Escaping the Relational Schema Trap
Join the DZone community and get the full member experience.
Join For FreeWe're struggling with our Relational Schema. We're not alone, of
course, everyone struggles with the relational model. The technology
imposes difficult limitations and we work around them.
There's
kind of a 4-step process through which the relational schema erodes
into irrelevance. The concept of a schema is not irrelevant. It's the
rigid relational schema that's a problem.
Many
DBA's will say that the relational model is the ultimate in flexibility.
They're right, but they're missing the point. The relational database
clearly separates the physical storage from the logical model as seen
in tables and columns. It's flexible, but the presence of a rigid
relational schema limits the pace of business change.

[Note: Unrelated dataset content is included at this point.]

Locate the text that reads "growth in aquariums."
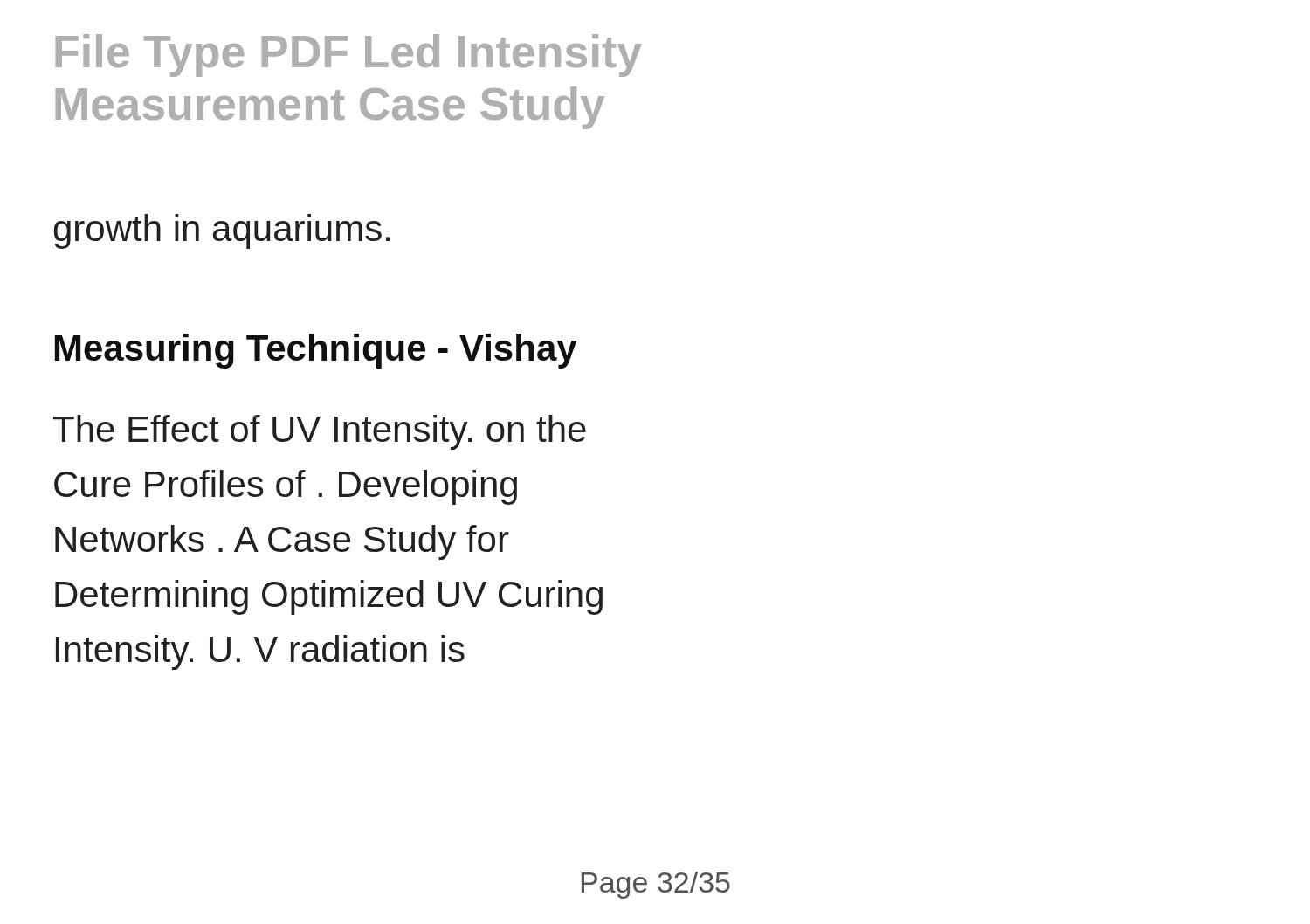 tap(223, 228)
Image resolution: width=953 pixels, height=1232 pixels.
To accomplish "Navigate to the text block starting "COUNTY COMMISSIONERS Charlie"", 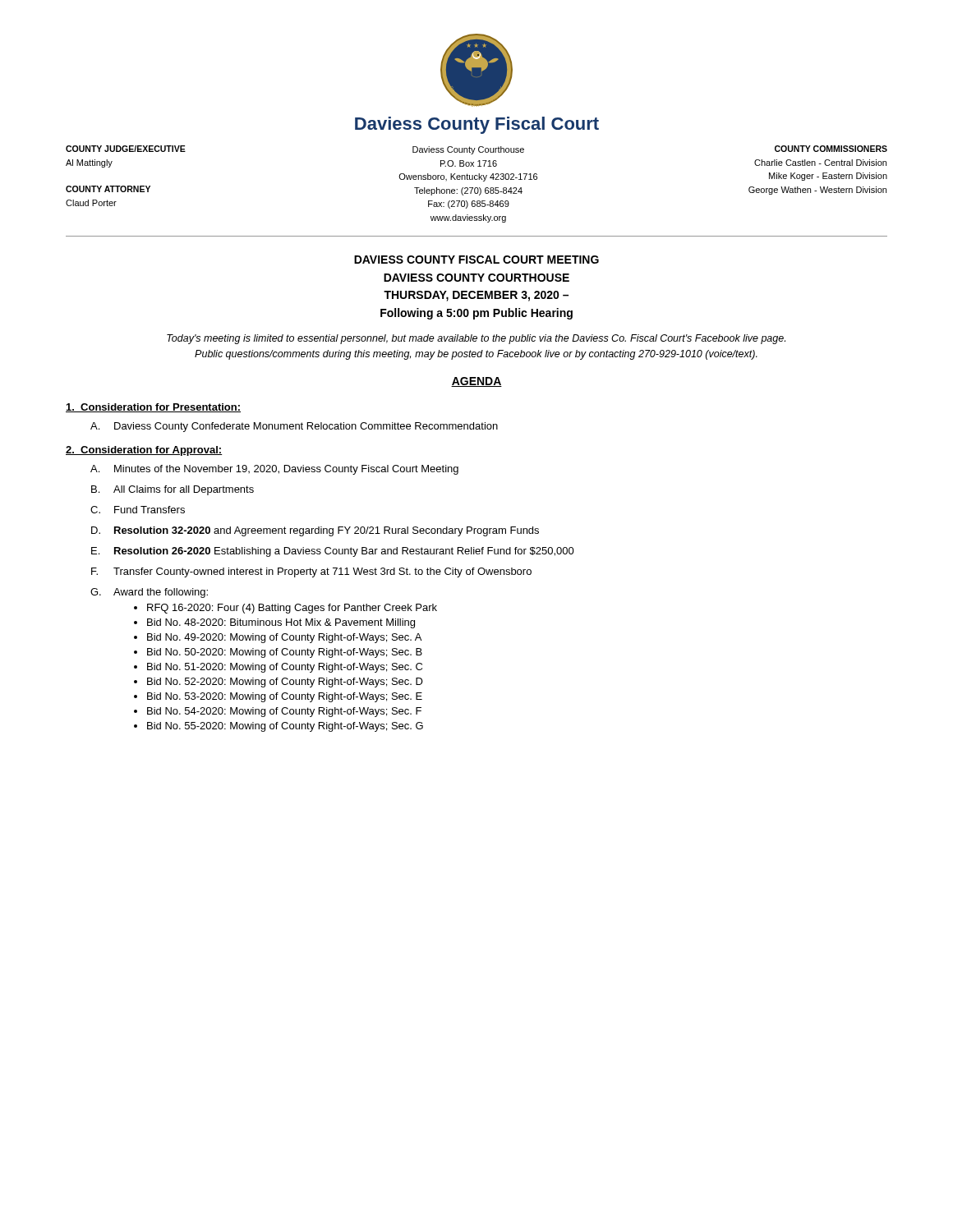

"Clearly," the DBA says, "you don't know how to use ALTER." I beg to differ. I can use ALTER; however, it doesn't permit the broad, sweeping scope of change that the business demands.
In
order to attempt to match the pace of business change, we're using an
ORM layer. This allows us to fabricate methods and properties left,
right and center. We can tackle some pretty big problems with simple
code changes. This, however, is no longer helping.
Straws and Camels
When
designing a database, we have to be cognizant of the nature and tempo
of change. In highly-regulated, very settled business applications
(back-office accounting, for example) the data model is well known.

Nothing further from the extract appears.